• _Directions_:
Give back exactly the lines of the material below, starting with the line with "#53 books [436,362,440,379]" and going on through the line with "#58 books [460,345,463,357]".

==================================================

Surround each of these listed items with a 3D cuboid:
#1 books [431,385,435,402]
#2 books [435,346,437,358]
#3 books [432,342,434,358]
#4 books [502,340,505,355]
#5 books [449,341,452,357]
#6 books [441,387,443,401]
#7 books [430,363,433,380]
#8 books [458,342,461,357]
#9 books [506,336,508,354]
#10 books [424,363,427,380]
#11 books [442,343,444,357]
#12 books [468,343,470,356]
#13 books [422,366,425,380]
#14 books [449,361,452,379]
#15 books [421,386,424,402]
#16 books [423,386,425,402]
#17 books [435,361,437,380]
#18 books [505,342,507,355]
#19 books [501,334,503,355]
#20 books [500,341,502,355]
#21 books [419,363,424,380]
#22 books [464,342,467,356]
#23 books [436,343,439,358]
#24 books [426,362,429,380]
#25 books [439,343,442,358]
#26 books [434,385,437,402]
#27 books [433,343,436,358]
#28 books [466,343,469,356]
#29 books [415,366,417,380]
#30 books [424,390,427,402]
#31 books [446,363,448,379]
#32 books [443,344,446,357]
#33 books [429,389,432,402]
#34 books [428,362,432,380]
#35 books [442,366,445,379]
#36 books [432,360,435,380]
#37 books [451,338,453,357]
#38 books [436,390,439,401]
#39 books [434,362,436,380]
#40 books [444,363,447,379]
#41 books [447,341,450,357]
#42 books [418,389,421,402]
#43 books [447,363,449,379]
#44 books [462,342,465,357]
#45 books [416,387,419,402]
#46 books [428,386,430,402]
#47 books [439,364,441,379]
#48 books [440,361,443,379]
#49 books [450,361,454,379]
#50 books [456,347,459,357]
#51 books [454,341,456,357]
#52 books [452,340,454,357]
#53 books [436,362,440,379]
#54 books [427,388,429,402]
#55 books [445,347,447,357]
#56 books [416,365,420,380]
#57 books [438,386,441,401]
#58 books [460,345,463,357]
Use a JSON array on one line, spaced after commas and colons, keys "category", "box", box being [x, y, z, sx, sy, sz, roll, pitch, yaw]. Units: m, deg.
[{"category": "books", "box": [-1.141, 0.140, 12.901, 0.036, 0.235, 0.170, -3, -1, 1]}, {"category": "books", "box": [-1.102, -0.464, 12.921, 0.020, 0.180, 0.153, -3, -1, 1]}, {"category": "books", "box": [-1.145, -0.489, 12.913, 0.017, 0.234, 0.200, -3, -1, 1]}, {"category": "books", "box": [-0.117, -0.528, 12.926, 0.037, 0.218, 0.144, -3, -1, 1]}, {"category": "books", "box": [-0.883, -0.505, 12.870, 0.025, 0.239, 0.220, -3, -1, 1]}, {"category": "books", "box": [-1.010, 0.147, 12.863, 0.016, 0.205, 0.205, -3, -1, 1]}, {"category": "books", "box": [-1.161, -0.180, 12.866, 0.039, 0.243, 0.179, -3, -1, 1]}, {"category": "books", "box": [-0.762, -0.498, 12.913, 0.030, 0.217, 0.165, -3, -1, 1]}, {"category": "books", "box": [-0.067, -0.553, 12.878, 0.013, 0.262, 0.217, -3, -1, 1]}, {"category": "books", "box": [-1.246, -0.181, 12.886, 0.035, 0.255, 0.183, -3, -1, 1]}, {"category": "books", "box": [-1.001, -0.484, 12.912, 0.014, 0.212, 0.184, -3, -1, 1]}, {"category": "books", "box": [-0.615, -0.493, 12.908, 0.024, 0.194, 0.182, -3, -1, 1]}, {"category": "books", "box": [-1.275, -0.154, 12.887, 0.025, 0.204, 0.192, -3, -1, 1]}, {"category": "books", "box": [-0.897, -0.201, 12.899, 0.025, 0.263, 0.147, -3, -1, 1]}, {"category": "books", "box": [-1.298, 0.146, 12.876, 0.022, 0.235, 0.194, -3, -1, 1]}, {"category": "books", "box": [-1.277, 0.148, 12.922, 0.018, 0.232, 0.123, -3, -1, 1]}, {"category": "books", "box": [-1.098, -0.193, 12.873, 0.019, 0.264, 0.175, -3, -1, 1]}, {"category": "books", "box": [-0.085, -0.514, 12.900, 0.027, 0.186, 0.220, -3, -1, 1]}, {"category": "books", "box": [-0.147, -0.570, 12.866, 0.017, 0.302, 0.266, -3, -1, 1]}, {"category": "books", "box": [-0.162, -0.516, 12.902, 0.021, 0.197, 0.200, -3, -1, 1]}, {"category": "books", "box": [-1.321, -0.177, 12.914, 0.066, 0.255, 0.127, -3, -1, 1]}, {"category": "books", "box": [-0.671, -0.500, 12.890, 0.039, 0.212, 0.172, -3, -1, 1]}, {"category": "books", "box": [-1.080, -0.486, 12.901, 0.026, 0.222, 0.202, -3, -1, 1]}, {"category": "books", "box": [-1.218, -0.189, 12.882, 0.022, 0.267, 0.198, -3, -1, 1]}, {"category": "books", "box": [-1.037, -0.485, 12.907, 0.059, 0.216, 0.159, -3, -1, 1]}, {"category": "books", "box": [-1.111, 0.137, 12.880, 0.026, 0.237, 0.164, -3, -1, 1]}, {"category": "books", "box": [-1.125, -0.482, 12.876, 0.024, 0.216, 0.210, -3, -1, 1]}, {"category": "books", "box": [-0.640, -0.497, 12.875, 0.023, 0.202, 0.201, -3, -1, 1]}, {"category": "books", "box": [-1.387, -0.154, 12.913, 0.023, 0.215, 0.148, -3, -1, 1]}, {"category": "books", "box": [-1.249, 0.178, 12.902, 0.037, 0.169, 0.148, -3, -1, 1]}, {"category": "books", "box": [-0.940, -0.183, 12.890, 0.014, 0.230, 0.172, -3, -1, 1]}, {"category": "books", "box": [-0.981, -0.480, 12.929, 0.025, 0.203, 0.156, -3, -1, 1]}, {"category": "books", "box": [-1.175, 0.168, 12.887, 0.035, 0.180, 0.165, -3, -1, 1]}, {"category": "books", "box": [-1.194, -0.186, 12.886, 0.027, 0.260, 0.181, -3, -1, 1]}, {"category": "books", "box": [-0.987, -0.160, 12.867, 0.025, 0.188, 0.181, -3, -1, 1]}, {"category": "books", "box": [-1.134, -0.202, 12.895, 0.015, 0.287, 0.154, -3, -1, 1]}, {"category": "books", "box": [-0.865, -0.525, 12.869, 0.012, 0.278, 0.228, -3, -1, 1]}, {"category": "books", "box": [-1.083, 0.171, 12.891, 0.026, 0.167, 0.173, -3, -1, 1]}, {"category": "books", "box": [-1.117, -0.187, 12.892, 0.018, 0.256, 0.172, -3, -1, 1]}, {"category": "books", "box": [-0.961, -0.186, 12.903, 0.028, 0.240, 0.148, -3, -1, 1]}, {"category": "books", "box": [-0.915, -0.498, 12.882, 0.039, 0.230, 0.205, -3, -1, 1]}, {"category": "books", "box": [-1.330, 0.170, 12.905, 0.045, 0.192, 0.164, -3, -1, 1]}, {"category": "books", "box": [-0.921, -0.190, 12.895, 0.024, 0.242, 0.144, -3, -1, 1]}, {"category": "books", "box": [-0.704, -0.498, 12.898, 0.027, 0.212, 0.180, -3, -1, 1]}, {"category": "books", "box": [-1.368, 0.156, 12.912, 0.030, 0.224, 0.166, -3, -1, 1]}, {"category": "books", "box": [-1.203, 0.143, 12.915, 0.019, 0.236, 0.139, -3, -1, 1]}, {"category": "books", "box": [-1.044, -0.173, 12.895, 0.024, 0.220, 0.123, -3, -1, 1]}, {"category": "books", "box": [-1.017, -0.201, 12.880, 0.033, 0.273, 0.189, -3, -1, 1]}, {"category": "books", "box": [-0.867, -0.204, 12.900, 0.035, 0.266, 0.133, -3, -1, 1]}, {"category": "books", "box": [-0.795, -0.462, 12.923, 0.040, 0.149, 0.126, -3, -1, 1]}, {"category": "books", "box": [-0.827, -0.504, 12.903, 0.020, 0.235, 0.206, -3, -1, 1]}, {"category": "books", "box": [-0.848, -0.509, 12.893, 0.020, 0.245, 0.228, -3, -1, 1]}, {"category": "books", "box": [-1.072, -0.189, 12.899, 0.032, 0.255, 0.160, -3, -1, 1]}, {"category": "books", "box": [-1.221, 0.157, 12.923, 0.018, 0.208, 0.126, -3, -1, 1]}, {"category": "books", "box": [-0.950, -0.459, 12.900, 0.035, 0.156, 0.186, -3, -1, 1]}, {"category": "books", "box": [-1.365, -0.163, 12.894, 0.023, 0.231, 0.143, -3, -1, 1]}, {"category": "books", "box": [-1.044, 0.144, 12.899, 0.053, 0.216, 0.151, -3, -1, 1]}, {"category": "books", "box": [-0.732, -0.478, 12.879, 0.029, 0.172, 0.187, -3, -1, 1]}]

==================================================

• _Response_:
#53 books [436,362,440,379]
#54 books [427,388,429,402]
#55 books [445,347,447,357]
#56 books [416,365,420,380]
#57 books [438,386,441,401]
#58 books [460,345,463,357]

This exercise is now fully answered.